Climate change has become a religion of sorts, and its followers go to great lengths to ensure everyone knows it. Lately, however, we’re witnessing that the major challenge to ‘green’ ventures is coming from…green groups.

It may sound counterintuitive, but the trend is playing out coast to coast and around the globe. [bold, links added]

Let’s start in California, a state whose ideologies are so ‘green’ that it banned combustion-engine personal vehicle sales after 2035.

Yet, protests from environmental organizations and residents in general against wind and solar installations are commonplace.

In one example, saving tortoises is more important to these groups than their blessed 500-megawatt solar project in the Mojave Desert. Keep in mind that these same groups have fought for years for California to embrace sun panels over common sense.

Moving further west, Hawaii, a state which has mandated 100% renewable power by 2045, saw uproar from Oahu residents when it tried to permit an eight-tower wind project in 2019.

In my home of Alaska, a project that would have allowed Arctic ice and snow to be used as a reflective source to ultimately generate power was lambasted by indigenous and environmental groups earlier this year.

While the concept proposed by Arctic ice is untested, the concern stated by those groups was that the methods used would harm outdoor activities. 

And yet, the green groups aren’t done.

[Alaska’s] governor held a three-day conference earlier this year, focused on how Alaska could lead the nation in providing domestic supplies of critical and strategic minerals, as well as advance his stated goal of providing up to 80% of Southcentral Alaska’s electricity and heating demands via renewable energy by 2040.

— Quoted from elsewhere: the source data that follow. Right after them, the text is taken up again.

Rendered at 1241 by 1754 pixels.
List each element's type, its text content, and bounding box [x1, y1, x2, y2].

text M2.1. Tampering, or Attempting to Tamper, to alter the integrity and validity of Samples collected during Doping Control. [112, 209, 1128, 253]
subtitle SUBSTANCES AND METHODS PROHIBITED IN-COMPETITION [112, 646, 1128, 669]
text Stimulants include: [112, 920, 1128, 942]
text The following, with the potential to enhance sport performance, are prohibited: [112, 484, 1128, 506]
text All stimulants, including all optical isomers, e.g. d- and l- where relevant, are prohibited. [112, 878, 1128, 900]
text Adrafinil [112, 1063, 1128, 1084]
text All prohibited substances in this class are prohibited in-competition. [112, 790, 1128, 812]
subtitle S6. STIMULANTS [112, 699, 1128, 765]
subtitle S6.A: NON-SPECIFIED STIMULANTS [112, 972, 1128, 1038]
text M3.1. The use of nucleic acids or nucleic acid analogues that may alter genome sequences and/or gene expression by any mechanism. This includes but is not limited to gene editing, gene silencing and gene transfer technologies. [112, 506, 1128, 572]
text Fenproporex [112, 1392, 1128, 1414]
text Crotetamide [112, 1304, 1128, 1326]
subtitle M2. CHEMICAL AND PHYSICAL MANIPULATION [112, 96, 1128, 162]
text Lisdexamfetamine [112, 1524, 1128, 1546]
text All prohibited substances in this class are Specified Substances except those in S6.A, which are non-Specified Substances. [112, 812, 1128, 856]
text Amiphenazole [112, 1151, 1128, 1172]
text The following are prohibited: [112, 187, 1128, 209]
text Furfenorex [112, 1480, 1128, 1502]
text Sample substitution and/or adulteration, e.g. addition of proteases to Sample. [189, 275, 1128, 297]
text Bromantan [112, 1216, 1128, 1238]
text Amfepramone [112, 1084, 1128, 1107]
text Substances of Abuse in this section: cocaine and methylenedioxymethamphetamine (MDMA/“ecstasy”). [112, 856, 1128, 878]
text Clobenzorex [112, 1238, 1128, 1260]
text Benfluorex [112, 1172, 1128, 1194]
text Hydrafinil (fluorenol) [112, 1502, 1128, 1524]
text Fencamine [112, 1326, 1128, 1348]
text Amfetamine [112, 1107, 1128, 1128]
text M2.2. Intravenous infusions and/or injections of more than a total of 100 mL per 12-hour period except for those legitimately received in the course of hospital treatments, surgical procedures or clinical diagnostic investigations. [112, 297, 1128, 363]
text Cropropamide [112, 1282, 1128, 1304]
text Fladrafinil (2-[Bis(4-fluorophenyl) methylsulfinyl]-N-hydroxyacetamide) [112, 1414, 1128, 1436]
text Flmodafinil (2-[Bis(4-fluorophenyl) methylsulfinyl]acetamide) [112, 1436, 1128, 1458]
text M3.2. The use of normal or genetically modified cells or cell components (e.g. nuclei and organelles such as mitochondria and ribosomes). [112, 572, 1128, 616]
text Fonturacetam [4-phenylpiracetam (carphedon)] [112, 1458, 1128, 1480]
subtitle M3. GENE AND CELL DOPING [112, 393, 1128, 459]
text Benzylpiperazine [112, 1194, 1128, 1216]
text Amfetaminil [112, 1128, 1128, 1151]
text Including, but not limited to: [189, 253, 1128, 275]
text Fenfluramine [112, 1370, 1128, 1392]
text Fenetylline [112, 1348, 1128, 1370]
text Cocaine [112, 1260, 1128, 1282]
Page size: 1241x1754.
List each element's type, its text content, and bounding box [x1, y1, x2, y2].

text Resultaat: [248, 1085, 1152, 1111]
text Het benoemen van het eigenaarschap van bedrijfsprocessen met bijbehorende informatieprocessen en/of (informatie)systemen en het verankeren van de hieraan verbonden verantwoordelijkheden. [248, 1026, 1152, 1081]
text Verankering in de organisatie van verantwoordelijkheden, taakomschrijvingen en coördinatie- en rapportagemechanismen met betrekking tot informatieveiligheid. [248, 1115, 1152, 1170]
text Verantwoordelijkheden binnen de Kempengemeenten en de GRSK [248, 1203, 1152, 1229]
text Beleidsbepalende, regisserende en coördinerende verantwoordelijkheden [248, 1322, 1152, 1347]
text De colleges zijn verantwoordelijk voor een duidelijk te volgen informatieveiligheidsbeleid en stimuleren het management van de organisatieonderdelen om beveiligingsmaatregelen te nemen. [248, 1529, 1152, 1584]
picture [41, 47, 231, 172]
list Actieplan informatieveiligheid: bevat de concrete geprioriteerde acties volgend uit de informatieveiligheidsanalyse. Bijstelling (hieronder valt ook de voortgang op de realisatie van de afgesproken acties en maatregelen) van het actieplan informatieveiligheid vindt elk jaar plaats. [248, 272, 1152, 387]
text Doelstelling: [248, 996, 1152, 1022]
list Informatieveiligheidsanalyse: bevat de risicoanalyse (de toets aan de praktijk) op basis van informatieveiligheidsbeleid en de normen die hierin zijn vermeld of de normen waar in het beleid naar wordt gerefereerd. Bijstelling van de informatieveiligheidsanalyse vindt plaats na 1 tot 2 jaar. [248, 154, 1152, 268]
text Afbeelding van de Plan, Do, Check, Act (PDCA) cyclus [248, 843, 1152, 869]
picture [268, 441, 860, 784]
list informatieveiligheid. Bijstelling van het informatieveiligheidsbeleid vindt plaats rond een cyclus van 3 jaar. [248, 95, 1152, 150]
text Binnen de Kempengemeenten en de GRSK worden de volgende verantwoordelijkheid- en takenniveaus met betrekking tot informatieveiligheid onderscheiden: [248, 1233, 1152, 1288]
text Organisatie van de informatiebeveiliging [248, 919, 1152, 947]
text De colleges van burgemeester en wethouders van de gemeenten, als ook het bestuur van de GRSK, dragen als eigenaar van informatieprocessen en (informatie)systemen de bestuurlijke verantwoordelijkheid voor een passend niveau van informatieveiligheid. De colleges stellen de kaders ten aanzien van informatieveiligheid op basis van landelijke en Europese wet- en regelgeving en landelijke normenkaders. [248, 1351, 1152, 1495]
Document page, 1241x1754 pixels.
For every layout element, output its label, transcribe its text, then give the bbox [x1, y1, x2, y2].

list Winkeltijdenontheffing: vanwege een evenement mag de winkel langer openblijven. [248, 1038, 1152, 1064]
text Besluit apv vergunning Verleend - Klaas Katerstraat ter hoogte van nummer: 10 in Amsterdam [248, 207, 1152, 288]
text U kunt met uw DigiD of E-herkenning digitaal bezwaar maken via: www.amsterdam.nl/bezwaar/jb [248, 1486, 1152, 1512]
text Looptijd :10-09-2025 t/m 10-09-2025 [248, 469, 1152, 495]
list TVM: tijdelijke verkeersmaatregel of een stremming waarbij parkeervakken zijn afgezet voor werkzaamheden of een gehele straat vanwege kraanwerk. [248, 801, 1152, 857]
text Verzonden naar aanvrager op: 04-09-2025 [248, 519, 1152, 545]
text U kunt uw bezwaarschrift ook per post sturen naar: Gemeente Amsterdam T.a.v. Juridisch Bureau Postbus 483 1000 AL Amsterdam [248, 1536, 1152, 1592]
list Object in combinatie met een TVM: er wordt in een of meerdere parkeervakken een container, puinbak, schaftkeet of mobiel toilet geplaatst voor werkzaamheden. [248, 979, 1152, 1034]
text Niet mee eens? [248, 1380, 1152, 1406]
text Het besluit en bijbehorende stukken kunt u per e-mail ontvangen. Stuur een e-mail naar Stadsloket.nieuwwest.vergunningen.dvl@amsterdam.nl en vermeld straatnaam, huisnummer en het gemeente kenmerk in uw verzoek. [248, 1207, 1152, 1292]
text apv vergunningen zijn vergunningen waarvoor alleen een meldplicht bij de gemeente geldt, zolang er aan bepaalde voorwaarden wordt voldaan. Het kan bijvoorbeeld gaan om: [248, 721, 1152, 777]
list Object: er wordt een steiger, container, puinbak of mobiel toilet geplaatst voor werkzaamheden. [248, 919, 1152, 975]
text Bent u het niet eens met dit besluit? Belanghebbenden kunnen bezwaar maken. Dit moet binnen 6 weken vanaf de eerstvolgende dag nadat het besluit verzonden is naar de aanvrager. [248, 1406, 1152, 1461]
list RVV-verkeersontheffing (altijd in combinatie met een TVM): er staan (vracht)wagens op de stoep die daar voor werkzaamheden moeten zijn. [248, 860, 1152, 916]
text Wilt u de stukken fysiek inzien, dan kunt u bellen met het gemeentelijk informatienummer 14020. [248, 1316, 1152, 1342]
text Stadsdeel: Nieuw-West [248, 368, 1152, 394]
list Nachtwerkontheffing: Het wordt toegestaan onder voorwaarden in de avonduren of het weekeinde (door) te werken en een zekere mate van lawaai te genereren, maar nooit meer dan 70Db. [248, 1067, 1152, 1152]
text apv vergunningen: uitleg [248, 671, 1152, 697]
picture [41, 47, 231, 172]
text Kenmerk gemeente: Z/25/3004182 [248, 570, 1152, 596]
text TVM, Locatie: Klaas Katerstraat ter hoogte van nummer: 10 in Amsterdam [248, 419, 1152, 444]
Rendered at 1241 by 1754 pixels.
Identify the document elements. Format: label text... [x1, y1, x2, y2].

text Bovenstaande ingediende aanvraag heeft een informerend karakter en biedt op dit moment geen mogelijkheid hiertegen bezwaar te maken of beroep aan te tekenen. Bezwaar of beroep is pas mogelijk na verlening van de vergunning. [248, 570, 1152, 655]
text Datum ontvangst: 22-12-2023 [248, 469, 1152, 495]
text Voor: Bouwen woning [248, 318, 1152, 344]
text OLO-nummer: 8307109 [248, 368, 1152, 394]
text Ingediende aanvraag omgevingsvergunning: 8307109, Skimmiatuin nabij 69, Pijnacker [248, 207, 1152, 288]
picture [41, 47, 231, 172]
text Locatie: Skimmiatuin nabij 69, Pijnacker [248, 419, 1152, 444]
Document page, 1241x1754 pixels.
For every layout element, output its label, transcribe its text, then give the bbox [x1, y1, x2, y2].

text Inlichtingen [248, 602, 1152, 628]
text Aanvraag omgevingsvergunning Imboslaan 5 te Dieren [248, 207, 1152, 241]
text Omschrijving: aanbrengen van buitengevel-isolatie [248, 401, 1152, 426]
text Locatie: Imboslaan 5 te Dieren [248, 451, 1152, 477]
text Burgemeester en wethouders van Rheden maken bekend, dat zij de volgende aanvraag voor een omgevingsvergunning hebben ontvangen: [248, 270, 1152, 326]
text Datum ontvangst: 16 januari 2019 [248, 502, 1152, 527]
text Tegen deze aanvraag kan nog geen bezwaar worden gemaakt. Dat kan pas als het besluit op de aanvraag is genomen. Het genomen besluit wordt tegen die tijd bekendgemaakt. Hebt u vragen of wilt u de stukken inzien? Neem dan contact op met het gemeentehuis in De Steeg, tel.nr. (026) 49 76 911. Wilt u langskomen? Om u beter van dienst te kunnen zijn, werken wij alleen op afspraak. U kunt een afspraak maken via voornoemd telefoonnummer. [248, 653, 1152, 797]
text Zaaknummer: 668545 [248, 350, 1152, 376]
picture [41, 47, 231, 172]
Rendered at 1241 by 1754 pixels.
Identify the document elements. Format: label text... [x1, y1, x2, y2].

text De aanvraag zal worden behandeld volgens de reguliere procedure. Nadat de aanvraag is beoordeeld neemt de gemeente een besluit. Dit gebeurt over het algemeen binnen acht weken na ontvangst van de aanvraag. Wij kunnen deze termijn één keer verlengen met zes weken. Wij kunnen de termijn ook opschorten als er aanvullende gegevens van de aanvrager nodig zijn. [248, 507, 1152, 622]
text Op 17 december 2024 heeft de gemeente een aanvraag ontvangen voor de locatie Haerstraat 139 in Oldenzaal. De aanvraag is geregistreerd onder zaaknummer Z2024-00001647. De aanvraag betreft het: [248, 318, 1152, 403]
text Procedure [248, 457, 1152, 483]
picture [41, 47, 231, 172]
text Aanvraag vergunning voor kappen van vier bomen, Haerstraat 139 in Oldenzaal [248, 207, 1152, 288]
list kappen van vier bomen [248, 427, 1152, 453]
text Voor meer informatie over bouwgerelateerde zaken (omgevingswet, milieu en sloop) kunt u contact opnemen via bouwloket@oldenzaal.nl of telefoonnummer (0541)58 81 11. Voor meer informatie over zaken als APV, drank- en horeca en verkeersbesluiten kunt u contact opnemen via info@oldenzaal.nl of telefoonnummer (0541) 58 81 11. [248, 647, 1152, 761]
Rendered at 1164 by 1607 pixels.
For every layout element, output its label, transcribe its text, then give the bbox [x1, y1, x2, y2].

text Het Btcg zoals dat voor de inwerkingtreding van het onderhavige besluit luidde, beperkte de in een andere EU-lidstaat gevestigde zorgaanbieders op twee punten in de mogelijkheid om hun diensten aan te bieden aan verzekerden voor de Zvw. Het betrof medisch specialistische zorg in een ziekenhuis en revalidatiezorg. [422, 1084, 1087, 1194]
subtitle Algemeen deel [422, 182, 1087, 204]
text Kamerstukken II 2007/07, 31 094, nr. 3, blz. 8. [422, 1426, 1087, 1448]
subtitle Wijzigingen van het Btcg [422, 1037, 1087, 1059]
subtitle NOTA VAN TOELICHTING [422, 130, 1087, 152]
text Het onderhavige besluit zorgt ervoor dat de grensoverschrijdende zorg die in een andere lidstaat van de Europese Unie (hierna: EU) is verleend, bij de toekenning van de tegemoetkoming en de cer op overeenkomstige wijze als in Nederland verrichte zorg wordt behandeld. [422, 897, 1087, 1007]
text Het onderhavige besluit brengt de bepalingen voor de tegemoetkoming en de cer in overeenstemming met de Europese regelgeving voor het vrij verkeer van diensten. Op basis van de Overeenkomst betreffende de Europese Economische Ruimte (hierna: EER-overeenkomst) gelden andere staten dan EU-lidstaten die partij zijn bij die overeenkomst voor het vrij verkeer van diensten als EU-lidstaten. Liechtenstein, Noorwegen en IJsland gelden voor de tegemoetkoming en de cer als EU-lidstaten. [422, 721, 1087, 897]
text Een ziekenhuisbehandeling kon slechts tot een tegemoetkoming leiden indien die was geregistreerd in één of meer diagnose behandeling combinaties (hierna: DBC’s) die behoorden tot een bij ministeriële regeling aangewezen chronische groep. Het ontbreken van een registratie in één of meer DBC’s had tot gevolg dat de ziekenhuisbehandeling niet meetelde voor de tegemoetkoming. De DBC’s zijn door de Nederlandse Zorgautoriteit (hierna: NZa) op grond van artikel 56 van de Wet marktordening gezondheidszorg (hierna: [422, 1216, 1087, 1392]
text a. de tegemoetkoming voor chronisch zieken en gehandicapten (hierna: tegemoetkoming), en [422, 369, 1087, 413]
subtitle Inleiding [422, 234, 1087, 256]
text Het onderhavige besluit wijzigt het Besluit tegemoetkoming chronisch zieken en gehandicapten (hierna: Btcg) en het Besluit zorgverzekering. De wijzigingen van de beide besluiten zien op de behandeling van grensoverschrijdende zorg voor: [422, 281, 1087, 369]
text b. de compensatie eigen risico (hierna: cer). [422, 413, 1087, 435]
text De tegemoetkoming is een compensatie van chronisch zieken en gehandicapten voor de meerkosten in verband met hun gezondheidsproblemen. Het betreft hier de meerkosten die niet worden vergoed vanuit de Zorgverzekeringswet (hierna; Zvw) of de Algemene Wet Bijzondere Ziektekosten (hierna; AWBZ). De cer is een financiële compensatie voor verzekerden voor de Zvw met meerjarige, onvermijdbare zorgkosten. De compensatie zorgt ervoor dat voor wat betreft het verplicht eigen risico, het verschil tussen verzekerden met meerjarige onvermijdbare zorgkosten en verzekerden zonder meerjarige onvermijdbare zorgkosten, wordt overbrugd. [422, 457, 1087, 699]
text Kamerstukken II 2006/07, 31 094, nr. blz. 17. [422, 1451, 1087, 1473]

While most called the conference a success, environmental groups chided the gathering as “off the rails.”

For decades, wind and solar power have been sacred artifacts of the green religion. However, as communities look at the real cost, they begin to push back.

Earlier this year, Reuters noted the widespread concerns from rural residents over solar projects:

“As solar developers propose new, often sprawling projects in places like Kansas, Maine, Texas, Virginia and elsewhere, local governments and activist groups are seeking to block them and often succeeding. They cite reasons ranging from aesthetics that would harm property values to fears about health and safety, and loss of arable land, farm culture, or wildlife habitat.”

They’re not alone.

In Norway, the 60-megawatt wind project on Frøya Island was scrapped in 2019 due to fierce public opposition. Germany had plans to supply most of its energy from renewables, and spent hundreds of billions to do so.

As a result, the wind turbines themselves became so unpopular that a term was derived for them: Verspargelung, roughly translated as “pollution with giant asparagus sticks.

If the production of green projects is insufficiently green for the eco-Left, then we shouldn’t take anything they say seriously.

Remember, these are the very same groups who demand we use these “solutions” and then fight them tooth and nail.

The doomsday predictions about the imminent ending of the world, the urgent need to transition away from traditional power sources that are affordable and reliable, and the need to buy into their zealotry around all things climate. It’s all a load of hooey. The religion of climate change is overwrought.

Let’s hope people wake up before it’s too late.